Thank-you @TotallyInformation for that very solid and helpful reply.
I am 98% sure that not everyone sees the same error at the same time which is partly why I feel I am chasing ghosts in the machine. But, that said, enough people have mentioned it that I want to dig a little deeper.

@dceejay Could you please nudge me in the direction of finding the Node-RED Socket IO file so I could take a look at its default settings?

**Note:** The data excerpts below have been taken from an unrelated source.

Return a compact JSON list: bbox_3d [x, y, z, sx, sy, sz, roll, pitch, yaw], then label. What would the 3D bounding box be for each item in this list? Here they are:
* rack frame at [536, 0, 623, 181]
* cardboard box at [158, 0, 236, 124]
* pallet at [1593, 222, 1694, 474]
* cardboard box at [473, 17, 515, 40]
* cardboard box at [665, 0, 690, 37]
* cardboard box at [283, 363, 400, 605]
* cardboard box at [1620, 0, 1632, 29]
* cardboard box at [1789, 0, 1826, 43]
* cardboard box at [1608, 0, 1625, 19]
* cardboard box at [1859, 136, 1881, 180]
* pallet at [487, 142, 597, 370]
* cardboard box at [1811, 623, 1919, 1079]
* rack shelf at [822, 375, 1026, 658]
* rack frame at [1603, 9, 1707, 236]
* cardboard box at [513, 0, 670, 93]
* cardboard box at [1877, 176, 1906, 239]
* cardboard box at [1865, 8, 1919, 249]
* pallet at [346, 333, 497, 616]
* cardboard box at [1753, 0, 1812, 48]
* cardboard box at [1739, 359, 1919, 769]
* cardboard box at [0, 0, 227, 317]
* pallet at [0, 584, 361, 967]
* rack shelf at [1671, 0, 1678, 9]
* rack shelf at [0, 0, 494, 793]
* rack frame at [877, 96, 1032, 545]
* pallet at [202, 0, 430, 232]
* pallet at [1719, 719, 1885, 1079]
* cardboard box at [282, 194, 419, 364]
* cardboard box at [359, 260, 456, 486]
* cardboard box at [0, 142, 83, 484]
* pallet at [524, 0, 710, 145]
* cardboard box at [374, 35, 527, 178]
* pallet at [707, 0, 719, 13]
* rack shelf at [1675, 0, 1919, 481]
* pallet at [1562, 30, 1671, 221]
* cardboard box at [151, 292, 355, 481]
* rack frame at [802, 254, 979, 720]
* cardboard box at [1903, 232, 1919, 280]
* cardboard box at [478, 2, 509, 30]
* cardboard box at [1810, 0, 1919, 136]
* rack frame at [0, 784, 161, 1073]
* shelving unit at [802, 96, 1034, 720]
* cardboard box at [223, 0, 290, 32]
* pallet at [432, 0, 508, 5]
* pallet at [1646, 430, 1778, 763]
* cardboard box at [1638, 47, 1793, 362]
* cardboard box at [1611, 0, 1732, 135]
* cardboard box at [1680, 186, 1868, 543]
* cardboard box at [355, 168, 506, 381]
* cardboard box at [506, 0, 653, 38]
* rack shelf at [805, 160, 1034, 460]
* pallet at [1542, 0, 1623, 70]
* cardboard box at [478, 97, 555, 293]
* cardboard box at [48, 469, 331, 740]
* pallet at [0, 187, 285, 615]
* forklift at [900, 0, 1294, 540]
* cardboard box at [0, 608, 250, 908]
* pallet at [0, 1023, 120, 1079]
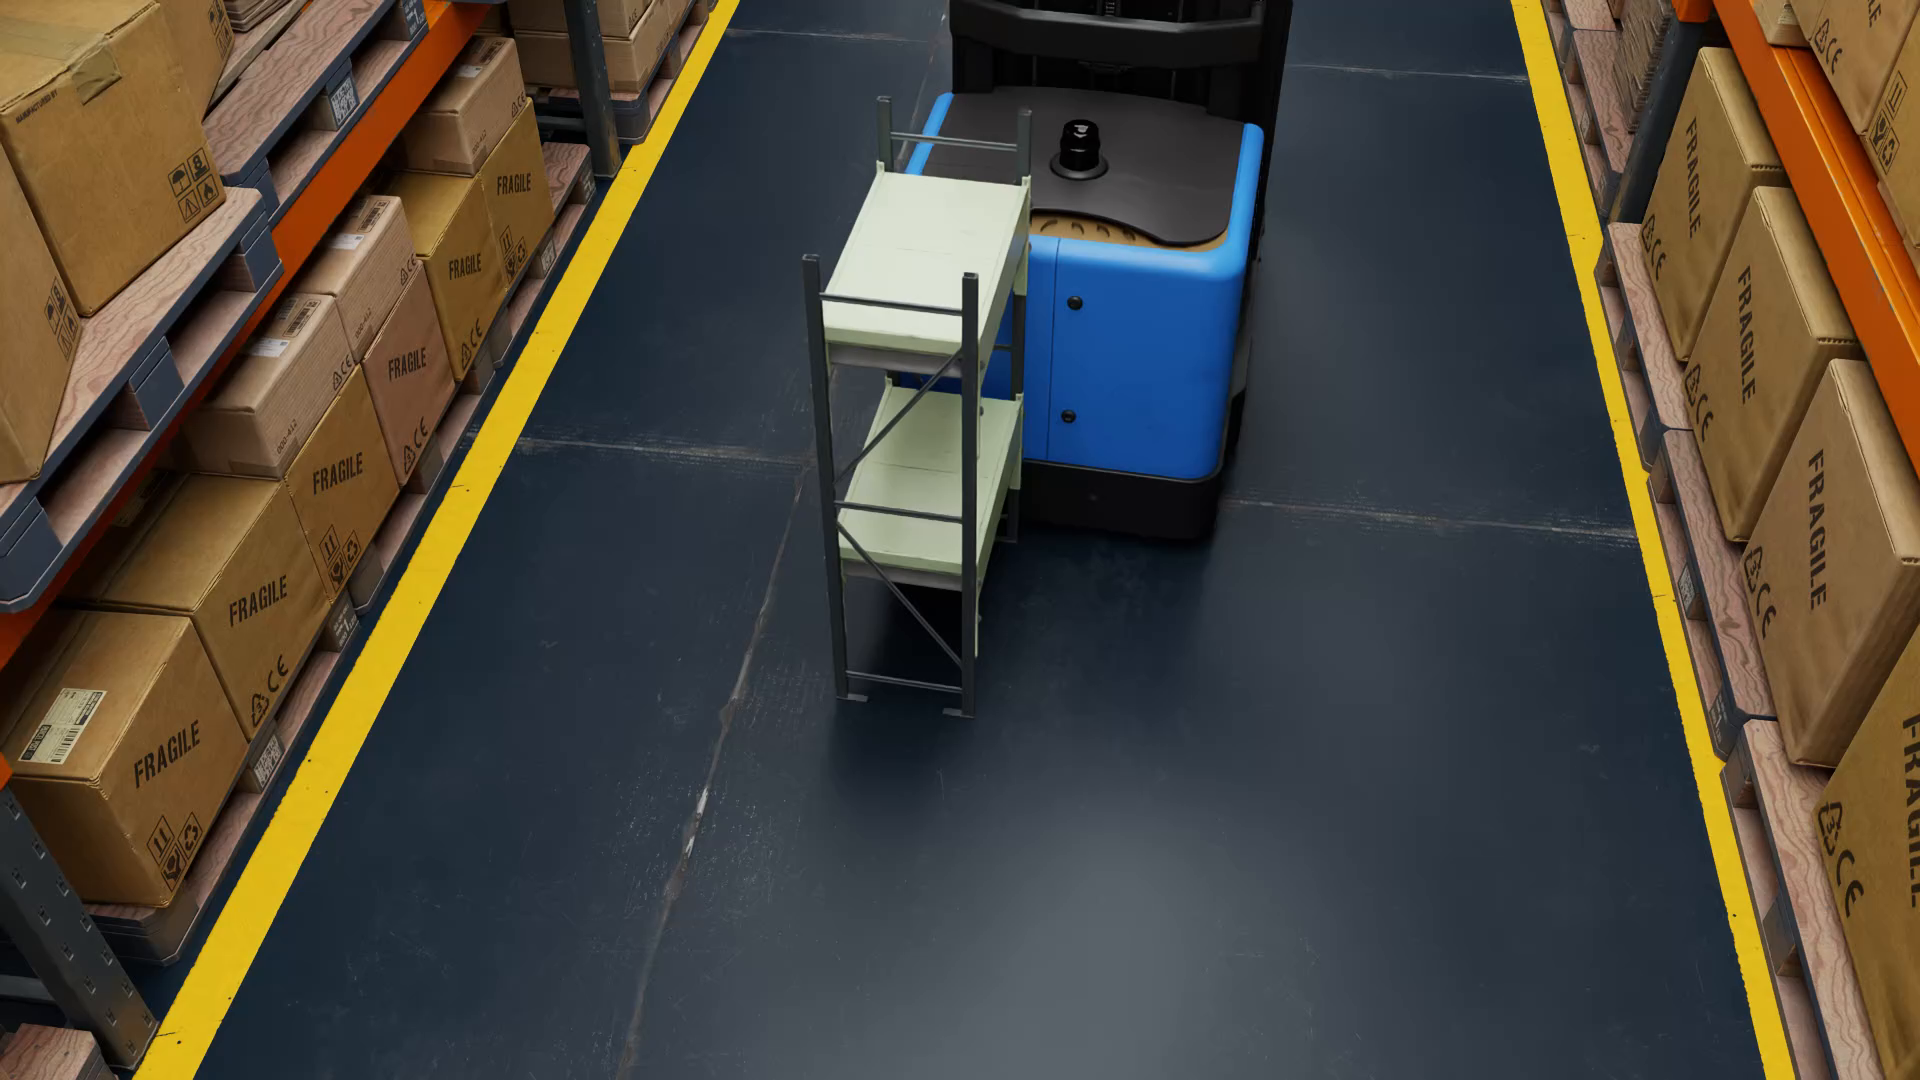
[{"bbox_3d":[-1.903,-2.647,5.864,1.000,3.000,0.127,5,44,6],"label":"rack frame"},{"bbox_3d":[-2.259,-1.319,4.084,0.700,0.500,0.500,-5,44,-5],"label":"cardboard box"},{"bbox_3d":[2.829,-0.656,5.790,1.003,0.211,1.213,5,44,6],"label":"pallet"},{"bbox_3d":[-2.075,-2.182,7.067,0.500,0.250,0.500,6,44,7],"label":"cardboard box"},{"bbox_3d":[-1.477,-2.474,7.376,0.500,0.250,0.500,4,44,4],"label":"cardboard box"},{"bbox_3d":[-1.993,-0.185,4.762,0.500,0.500,0.500,6,44,6],"label":"cardboard box"},{"bbox_3d":[3.235,-2.287,6.982,0.700,0.500,0.500,5,44,5],"label":"cardboard box"},{"bbox_3d":[2.612,-1.687,4.546,0.500,0.500,0.500,7,44,7],"label":"cardboard box"},{"bbox_3d":[3.272,-2.628,7.342,0.700,0.500,0.500,5,44,5],"label":"cardboard box"},{"bbox_3d":[2.592,-1.033,4.327,0.380,0.149,0.250,6,44,6],"label":"cardboard box"},{"bbox_3d":[-2.039,-1.129,6.289,1.003,0.211,1.213,5,44,6],"label":"pallet"},{"bbox_3d":[2.436,0.700,3.587,0.750,0.750,0.750,6,44,6],"label":"cardboard box"},{"bbox_3d":[-0.086,-0.079,4.716,0.431,0.370,0.720,8,44,8],"label":"rack shelf"},{"bbox_3d":[3.008,-2.199,5.391,1.000,3.000,0.127,5,44,6],"label":"rack frame"},{"bbox_3d":[-1.542,-2.131,7.014,0.500,0.250,0.500,5,44,5],"label":"cardboard box"},{"bbox_3d":[2.543,-0.866,4.151,0.380,0.149,0.250,5,44,6],"label":"cardboard box"},{"bbox_3d":[2.484,-0.993,3.814,0.500,0.500,0.500,6,44,7],"label":"cardboard box"},{"bbox_3d":[-2.203,-0.300,5.413,1.003,0.211,1.213,5,44,6],"label":"pallet"},{"bbox_3d":[2.574,-1.568,4.892,0.380,0.149,0.250,6,44,7],"label":"cardboard box"},{"bbox_3d":[2.551,0.094,4.227,0.750,0.750,0.750,6,44,7],"label":"cardboard box"},{"bbox_3d":[-2.119,-0.887,3.627,0.700,0.500,0.500,12,45,12],"label":"cardboard box"},{"bbox_3d":[-2.362,0.534,4.533,1.003,0.211,1.213,5,44,6],"label":"pallet"},{"bbox_3d":[3.272,-3.301,7.078,1.077,0.370,4.000,5,44,6],"label":"rack shelf"},{"bbox_3d":[-2.167,-1.023,4.672,1.077,0.370,4.000,5,44,6],"label":"rack shelf"},{"bbox_3d":[-0.015,-0.563,4.751,0.400,1.500,0.023,8,44,8],"label":"rack frame"},{"bbox_3d":[-2.155,-1.252,4.530,1.003,0.211,1.213,5,44,6],"label":"pallet"},{"bbox_3d":[2.506,1.007,4.033,1.003,0.211,1.213,5,44,6],"label":"pallet"},{"bbox_3d":[-1.928,-0.776,4.841,0.500,0.250,0.500,4,44,5],"label":"cardboard box"},{"bbox_3d":[-1.926,-0.529,5.126,0.500,0.500,0.500,4,44,4],"label":"cardboard box"},{"bbox_3d":[-2.147,-0.412,3.126,0.700,0.500,0.500,-8,44,-9],"label":"cardboard box"},{"bbox_3d":[-1.755,-2.192,7.411,1.003,0.211,1.213,5,44,6],"label":"pallet"},{"bbox_3d":[-1.797,-1.474,5.578,0.500,0.250,0.500,7,44,7],"label":"cardboard box"},{"bbox_3d":[-1.592,-3.021,8.287,1.003,0.211,1.213,5,44,6],"label":"pallet"},{"bbox_3d":[2.743,-0.575,4.199,1.077,0.370,4.000,5,44,6],"label":"rack shelf"},{"bbox_3d":[3.113,-1.719,6.912,1.003,0.211,1.213,5,44,6],"label":"pallet"},{"bbox_3d":[-1.994,-0.434,4.480,0.500,0.250,0.500,5,44,6],"label":"cardboard box"},{"bbox_3d":[-0.156,-0.068,4.231,0.400,1.500,0.023,8,44,8],"label":"rack frame"},{"bbox_3d":[2.501,-0.687,3.962,0.380,0.149,0.250,7,44,7],"label":"cardboard box"},{"bbox_3d":[-2.078,-2.384,6.873,0.500,0.311,0.500,6,44,7],"label":"cardboard box"},{"bbox_3d":[2.545,-1.349,4.189,0.500,0.500,0.500,5,44,5],"label":"cardboard box"},{"bbox_3d":[-2.432,0.079,2.985,1.000,3.000,0.127,5,44,6],"label":"rack frame"},{"bbox_3d":[-0.086,-0.316,4.491,0.431,1.500,0.755,8,44,8],"label":"shelving unit"},{"bbox_3d":[-2.185,-1.790,4.581,0.700,0.500,0.500,13,45,13],"label":"cardboard box"},{"bbox_3d":[-1.923,-2.109,5.435,1.213,0.211,1.003,5,44,6],"label":"pallet"},{"bbox_3d":[2.665,0.173,4.914,1.003,0.211,1.213,5,44,6],"label":"pallet"},{"bbox_3d":[2.781,-1.082,5.469,0.750,0.750,0.750,5,44,5],"label":"cardboard box"},{"bbox_3d":[3.051,-1.947,6.622,0.700,0.500,0.500,6,44,6],"label":"cardboard box"},{"bbox_3d":[2.658,-0.486,4.839,0.750,0.750,0.750,5,44,5],"label":"cardboard box"},{"bbox_3d":[-1.863,-0.888,5.504,0.500,0.500,0.500,4,44,4],"label":"cardboard box"},{"bbox_3d":[-1.542,-2.335,6.821,0.500,0.311,0.500,7,44,7],"label":"cardboard box"},{"bbox_3d":[-0.086,-0.598,4.222,0.431,0.370,0.720,8,44,8],"label":"rack shelf"},{"bbox_3d":[3.276,-2.548,7.788,1.003,0.211,1.213,5,44,6],"label":"pallet"},{"bbox_3d":[-1.794,-1.240,5.876,0.500,0.500,0.500,7,44,7],"label":"cardboard box"},{"bbox_3d":[-2.067,0.155,4.403,0.500,0.500,0.500,6,44,6],"label":"cardboard box"},{"bbox_3d":[-2.218,-0.386,3.616,1.003,0.211,1.213,5,44,6],"label":"pallet"},{"bbox_3d":[0.566,-2.089,5.325,1.130,2.935,3.031,8,44,8],"label":"forklift"},{"bbox_3d":[-2.126,0.519,4.018,0.500,0.500,0.500,3,44,4],"label":"cardboard box"},{"bbox_3d":[-2.523,1.560,3.449,1.003,0.211,1.213,5,44,6],"label":"pallet"}]

I don't think we do anything special at all. One end is setup in ui.js - line 341, and the other in src/services/events.js - lines 10,13

This is from the uibuilder v5 settings.js uibuilder property:

        /** Optional: Socket.IO Server options
         * See https://socket.io/docs/v4/server-options/
         * Note that the `path` property will be ignored, it is set by uibuilder itself.
         * You can set anything else though you might break uibuilder unless you know what you are doing.
         * @type {Object}
         */
        socketOptions: {
            // Make the default buffer larger (default=1MB)
            maxHttpBufferSize: 1e8 // 100 MB
        },

Only covers the buffer size. Of course, I don't know if this IS your issue. Also links to the socket.io docs.

Looking at developer tools trying to get a feel for the size of my site, it looks as if the entire site is loaded each time? Not just the page you are looking at?

Yes, that's how Dashboard works. It creates a single-page web app. The tabs are not pages.

I'm only doing 1/1000 th of what you have, but have the same issue with my home automation where 30%+/- of the time, I get a lost connection and within 5-10 seconds it resolves itself. I have not touched the RPi server in over 3 years but did get new Android phones and it seems the problem started there.

Again nothing of the scope of your system.

If you are talking about access from a mobile device, that is very different to a desktop.

Mobile devices have very aggressive power management and are much more likely to shut down things that they think might not be needed for a bit. I would certainly expect to see more disconnections on mobile than on desktop. Of course, modern desktops also use power management as do modern browsers so it isn't unexpected to see a browser tab loosing connection and then waking back up.